Senate passes bill giving Congress right to review Iran nuke deal

The US Capitol building (Reuters / James Lawler Duggan)
By a 98-1 vote, the US Senate passed a bipartisan bill that would give Congress review rights over the White House’s Iran nuclear deal. The bill is expected to pass in the House, and has President Obama’s support.

The White House originally opposed the bill, proposed by Senate Foreign Relations Committee chairman Bob Corker (R-TN), until some of its provisions were revised in a compromise deal with the committee’s ranking democrat, Ben Cardin (D-MD) last month.

The compromise won over enough Democrats that President Obama withdrew his veto threat. The draft bill was approved by the committee unanimously.

However, a faction led by Tom Cotton (R-AR) and Marco Rubio (R-FL) attempted to insert a number of amendments into the bill during the floor debate, including a provision requiring Iran to recognize Israel as a Jewish state.

READ MORE: Senate’s Iran bill won’t require Tehran to recognize Israel – reports

Several other amendments had already been defeated. One would've classified any nuclear deal as an international treaty requiring the support of two-thirds of the Senate, while another would have denied Iran sanctions relief until it stopped supporting terrorism.

Corker defended the compromise, warning that altering the compromise would cause the entire bill to fail, and Congress to lose any right to review the treaty. “Without this bill, there is no review,” he warned.

In the end, Senate Majority Leader Mitch McConnell (R-KY) called for cloture, cutting off debate on all further amendments.
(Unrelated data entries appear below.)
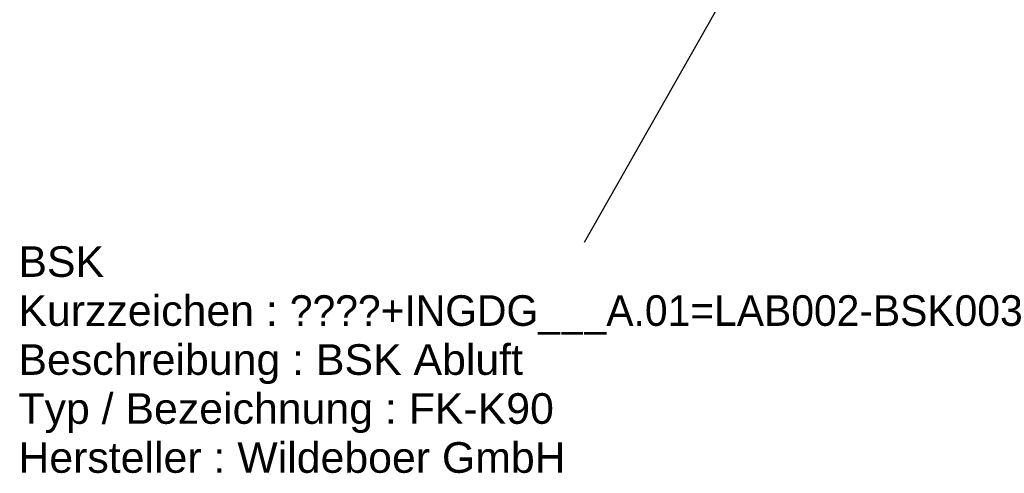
# Model space of a CAD drawing. Header units: metres. Extents: x 0 to 32.9, y 0 to 31.7.
# Tile 1 of 39: x 21.2 to 25.2, y 11.6 to 13.5. Entities that reach past the tile are written whole.
import ezdxf

# ---------------------------------------------------------------- set-up
doc = ezdxf.new("R2010")
doc.units = ezdxf.units.M
doc.layers.get('0').update_dxf_attribs({"lineweight": 0})
doc.layers.add('004TX_TXT', color=7, linetype='Continuous')
doc.styles.get("Standard").update_dxf_attribs({"font": 'arial.ttf'})

# ---------------------------------------------------------------- blocks, each defined once
blk = doc.blocks.new('BSK KG400.030.099.200')
for s, p in [('BSK', (0, 0)), ('Kurzzeichen : ', (0, -0.2)), ('Beschreibung : ', (0, -0.4)), ('Typ / Bezeichnung : ', (0, -0.6)), ('Hersteller : ', (0, -0.8))]:
    blk.add_text(s, height=0.125).set_placement(p)
at = {"flags": 1}
for tag, p in [('NUMMER', (0, 0)), ('KURZTEXT', (0, 0)), ('MB.100.10.110', (0, -0.8)), ('MB.100.20.500', (0, -0.8)), ('MB.100.50.104', (0, -0.8)), ('MB.100.50.220', (0, -0.8)), ('MB.100.50.210', (0, -0.8)), ('MB.100.50.200', (0, -0.8)), ('KG400.030.009.200', (0, -0.8)), ('KG400.030.009.210', (0, -0.8)), ('KG400.030.009.220', (0, -0.8)), ('KG400.099.004.101', (0, -0.8)), ('MB.200.10.102', (0, -0.8)), ('MB.100.20.110', (0, -0.8)), ('MB.100.20.100', (0, -0.8)), ('MB.100.90.100', (0, -0.8))]:
    blk.add_attdef(tag, p, '', height=0.125, dxfattribs=at)
for tag, p in [('MB.100.110.100', (1.1065, -0.2)), ('MB.100.110.110', (1.2134, -0.4)), ('MB.100.10.100', (1.5919, -0.6)), ('MB.100.20.120', (0.8927, -0.8))]:
    blk.add_attdef(tag, p, '', height=0.125)

msp = doc.modelspace()

# ---------------------------------------------------------------- linework, layer by layer
at = {"layer": '004TX_TXT', "color": 7}
msp.add_line((23.4847, 12.5712), (24.2136, 13.8566), dxfattribs=at)

# ---------------------------------------------------------------- block references
ref = msp.add_blockref('BSK KG400.030.099.200', (21.1761, 12.4297), dxfattribs=at)
ref.add_attrib('MB.100.110.100', '????+INGDG___A.01=LAB002-BSK003', (22.2826, 12.2297), dxfattribs={"layer": '0', "color": 7, "height": 0.125})
ref.add_attrib('MB.100.110.110', 'BSK Abluft', (22.3895, 12.0297), dxfattribs={"layer": '0', "color": 7, "height": 0.125})
ref.add_attrib('MB.100.10.100', 'FK-K90', (22.768, 11.8297), dxfattribs={"layer": '0', "color": 7, "height": 0.125})
ref.add_attrib('MB.100.20.120', 'Wildeboer GmbH', (22.0688, 11.6297), dxfattribs={"layer": '0', "color": 7, "height": 0.125})

doc.saveas('drawing.dxf')

The chamber voted 96-3 in favor, clearing the way for the final vote, in which Cotton was the lone voice of dissent.

Many wish the bill was stronger. I don’t disagree with them, but this is a piece of legislation worthy of our support,” McConnell said during the floor debate. “It offers the best chance we have to provide the American people and the Congress they elect with power to weigh in on a vital issue.”

“As currently drafted, it is a virtual certainty that no matter how terrible this deal is, it will go into effect and this legislation is unlikely to stop it,” Ted Cruz (R-TX), one of the Republican presidential contenders, said during the debate.

“I applaud the Senate for passing this bill, and thank Senator Corker and others for their hard work,” said House Speaker John Boehner (R-Ohio) Thursday. “I look forward to House passage of this bill to hold President Obama’s administration accountable.”